ISLAMABAD, PAKISTAN, JAN. 27 -- Afghan guerrilla forces used new long-range heavy mortars for the first time in an attack 10 days ago that leveled a Soviet special forces camp in the Kunar Valley of Afghanistan, according to guerrillas and western diplomatic sources.
Use of the 120-mm mortars represents another escalation in military conflict between the Afghan resistance forces, who generally use guerrilla tactics, and Soviet and Afghan army units, who operate from fixed camps and generally move in well protected convoys.
Just as the introduction of Stinger missiles more than a year ago was designed to blunt the Soviet advantage in the use of air power against the guerrilla units, U.S. military strategists said the longer range and more accurate mortars will give the guerrillas, or mujaheddin, the capability of delivering damaging blows to Soviet and Afghan garrisons while remaining at a distance from the superior firepower of the regular Army units.

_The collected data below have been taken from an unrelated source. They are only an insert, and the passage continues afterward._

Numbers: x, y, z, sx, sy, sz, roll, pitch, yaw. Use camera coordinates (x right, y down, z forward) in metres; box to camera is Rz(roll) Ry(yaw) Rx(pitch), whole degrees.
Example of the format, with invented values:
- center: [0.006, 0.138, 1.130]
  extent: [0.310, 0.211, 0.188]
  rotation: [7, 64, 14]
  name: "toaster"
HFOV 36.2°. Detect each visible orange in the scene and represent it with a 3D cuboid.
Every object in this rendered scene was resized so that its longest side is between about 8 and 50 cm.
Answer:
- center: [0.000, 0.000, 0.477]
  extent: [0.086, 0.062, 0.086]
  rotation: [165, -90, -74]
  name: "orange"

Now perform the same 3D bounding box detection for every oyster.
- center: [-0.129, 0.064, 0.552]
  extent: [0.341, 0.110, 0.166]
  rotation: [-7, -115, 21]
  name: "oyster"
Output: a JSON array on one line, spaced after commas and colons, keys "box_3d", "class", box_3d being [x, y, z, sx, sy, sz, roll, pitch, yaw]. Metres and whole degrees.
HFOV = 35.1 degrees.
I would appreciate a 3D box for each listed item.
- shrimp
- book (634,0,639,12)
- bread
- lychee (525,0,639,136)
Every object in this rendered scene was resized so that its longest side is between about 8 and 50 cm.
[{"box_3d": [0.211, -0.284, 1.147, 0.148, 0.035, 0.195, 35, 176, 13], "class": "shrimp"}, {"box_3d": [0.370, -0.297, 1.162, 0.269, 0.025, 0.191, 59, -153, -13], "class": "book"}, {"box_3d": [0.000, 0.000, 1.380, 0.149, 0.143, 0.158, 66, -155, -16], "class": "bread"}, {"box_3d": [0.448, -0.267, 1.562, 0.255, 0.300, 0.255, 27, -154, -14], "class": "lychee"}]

Introduction of the weapons at the current stage in the conflict also is a continuation of the "fight and talk" strategy that both sides seem to have adopted this winter. Nighttime temperatures in the mountains plunge in the winter and many peaks are covered with snow. In previous years, combat has diminished in the winter, but reports from inside Afghanistan indicate a steady level of battle coinciding with the current flurry of diplomatic maneuvering.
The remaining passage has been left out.